Radu e l’ultima moda del calcio, le «papere» dei portieri

Ionit Radu è stata solo l’ultima vittima in una settimana che ha visto cadere anche un monumento con Buffon e una giovane promessa come Meret. Portieri sacrificati sull’altare del nuovo calcio che chiede loro di non staccare mai e di specializzarsi nell’interpretazione multiruolo del proprio lavoro, dove la qualità del gioco di piede diventa quasi più importante di quello che si è capaci di fare tra i pali. Che piaccia o no, è la frontiera della tattica negli anni Venti del nuovo millennio. Non lo chiede solo qualche allenatore innamorato della ripartenza dal basso, lo pretendono ormai tutti convinti che i vantaggi siano superiori agli svantaggi, anche a costo di incassare qualche gol evitabile, piangere e ricominciare.

Radu è caduto vittima e con lui si sono bruciate le speranze scudetto dell’Inter, ora legate all’ipotesi remota di un suicidio sportivo del Milan che ha il destino saldo nelle proprie mani e un calendario sulla carta difficile ma nella realtà, forse, meno complesso di quanto appaia. La paperissima di Bologna del portiere di riserva nerazzurro è destinata a lasciare traccia nella storia di questo campionato e ad essere ricordata come uno dei grandi scivoloni della storia del calcio italiano. E’ stata tutta e solo colpa sua?
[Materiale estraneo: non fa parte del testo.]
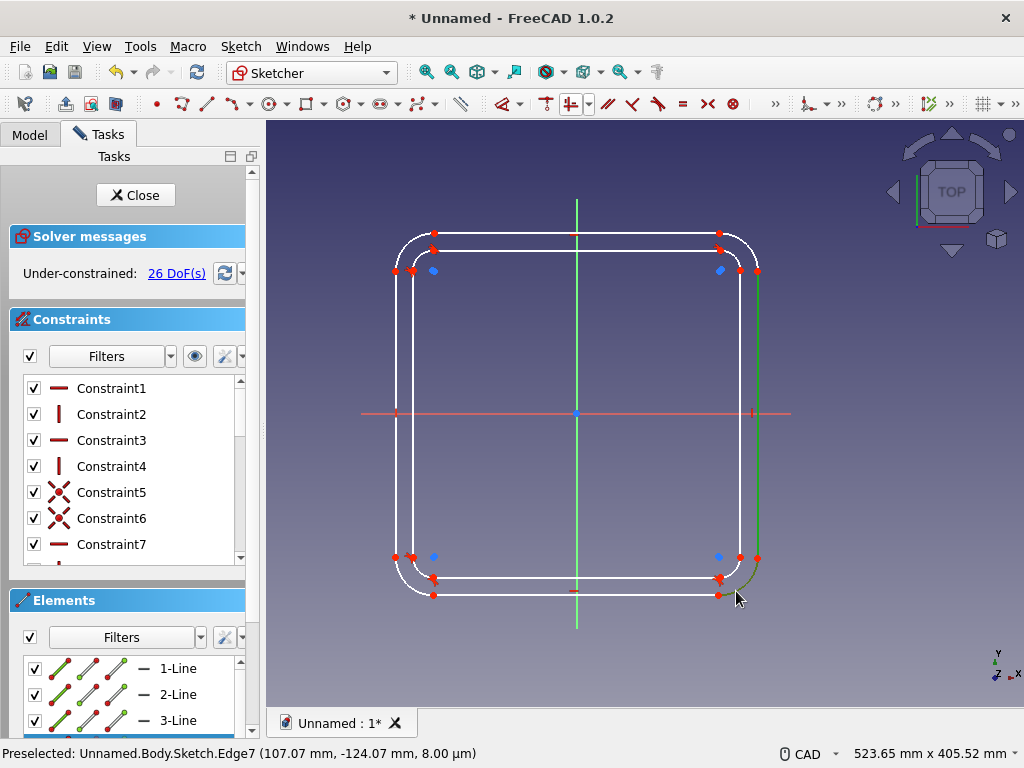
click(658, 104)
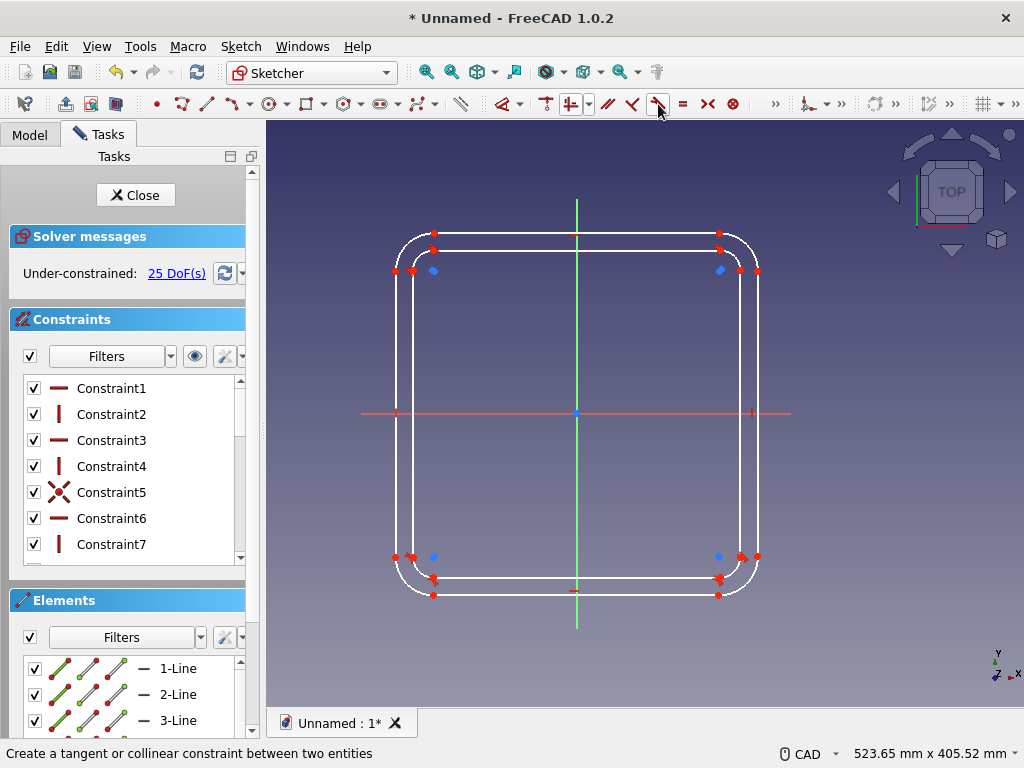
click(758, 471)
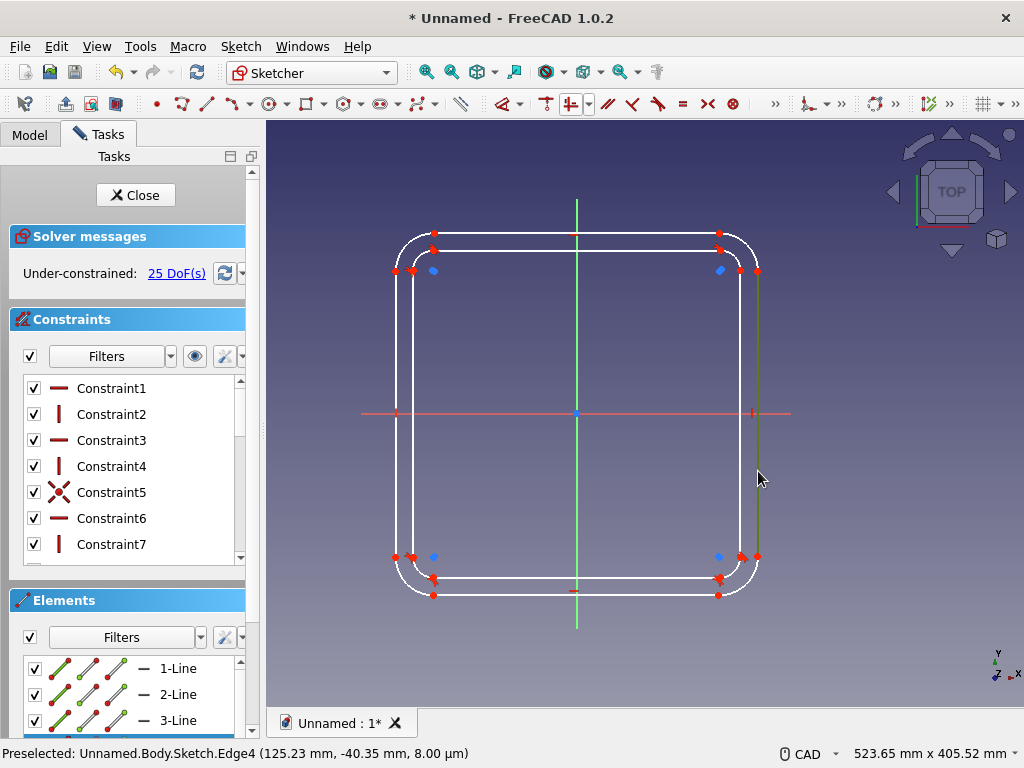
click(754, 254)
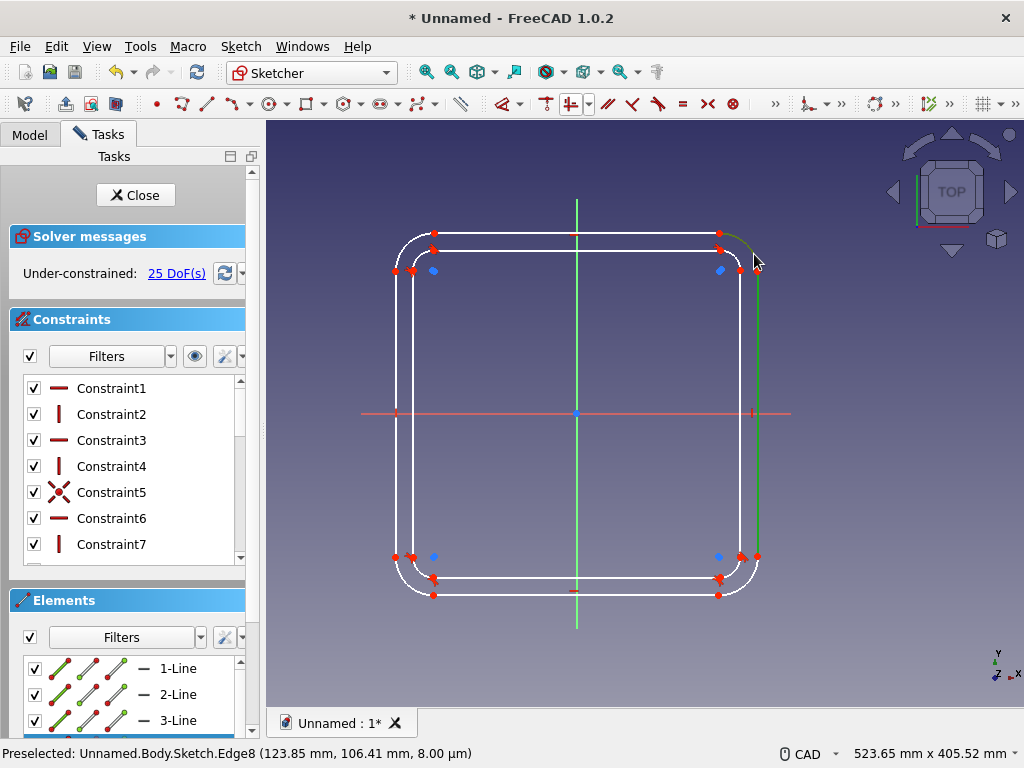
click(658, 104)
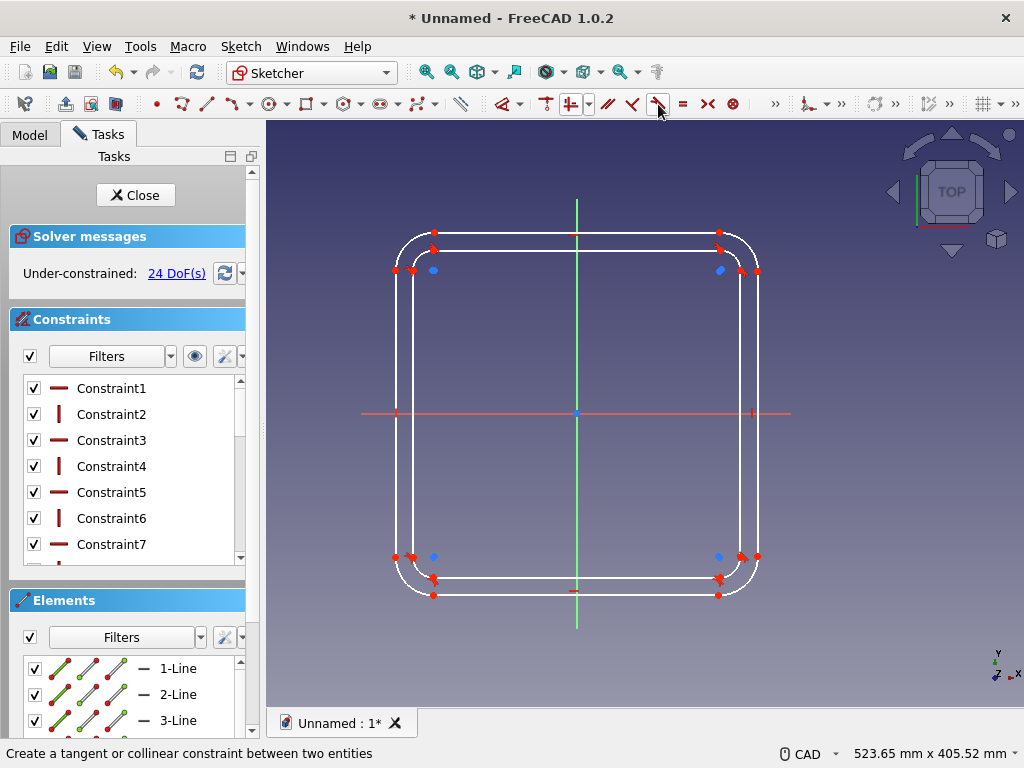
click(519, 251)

O qualcuno poteva evitare che il portiere romeno arrivasse fino al liscio fatale?

Il dibattito è aperto da mesi e non coinvolge solo Simone Inzaghi e l’Inter, accusati di giocare un calcio Anni ’60 da una leggenda come Arrigo Sacchi, eppure lontanissimo dall’idea di speculazione e catenaccio riletta in senso critico, a volte dispregiativo. Radu ha sbagliato ma più di lui è colpevole la radicalizzazione dell’idea dell’azione manovrata a qualunque costo, quella che ha spinto i suoi compagni a servirgli quel pallone in un corridoio strettissimo fidando sulla sua capacità di addomesticarlo e rigiocarlo. Una fiducia cieca e mal riposta, in Radu e in tutti gli altri: condannati a non sbagliare mai perché il liscio del portiere interista accade altre decine di volte in una stagione in altre zone del campo, lo firmano calciatori molto più specializzati di lui nel lavorare il pallone, eppure alla storia resteranno solo le sue lacrime al Dall’Ara.

L’Inter si è fatta scivolare dalle mani lo scudetto per colpa e non per sfortuna. Al di là dell’errore capitale che ha condannato alla sconfitta di Bologna, la squadra di Inzaghi non è stata capace di vincere l’ansia crescente con lo scorrere del tempo, non ha dominato la paura e si è infranta su Skorupski e su quel sottile vetro che ha protetto la porta del Bologna nella seconda parte della sfida. La sconfitta è anche casuale, come spesso capita nel calcio. Il modo in cui è stato approcciato un match fondamentale, no. Aver concluso molto più degli avversari è un dato, non una strada per sollevarsi dalle proprie responsabilità.

Cosa accadrà da qui alla fine della stagione? Impossibile prevederlo con certezza dentro un campionato che ci ha abituato a mille ribaltoni. C’è, però, un dato chiarissimo: non esiste in Italia una squadra dominante, che comandi per distacco sulle altre e che sia destinata a prescindere a essere più forte anche dei propri errori e dei propri passaggi a vuoto. Anche per questo la papera di Radu è definitiva; dentro un equilibrio così ogni dettaglio conta. Aver gettato al vento tutto inseguendo un modello unico, quasi ideologico, assomiglia tanto a una sentenza definitiva.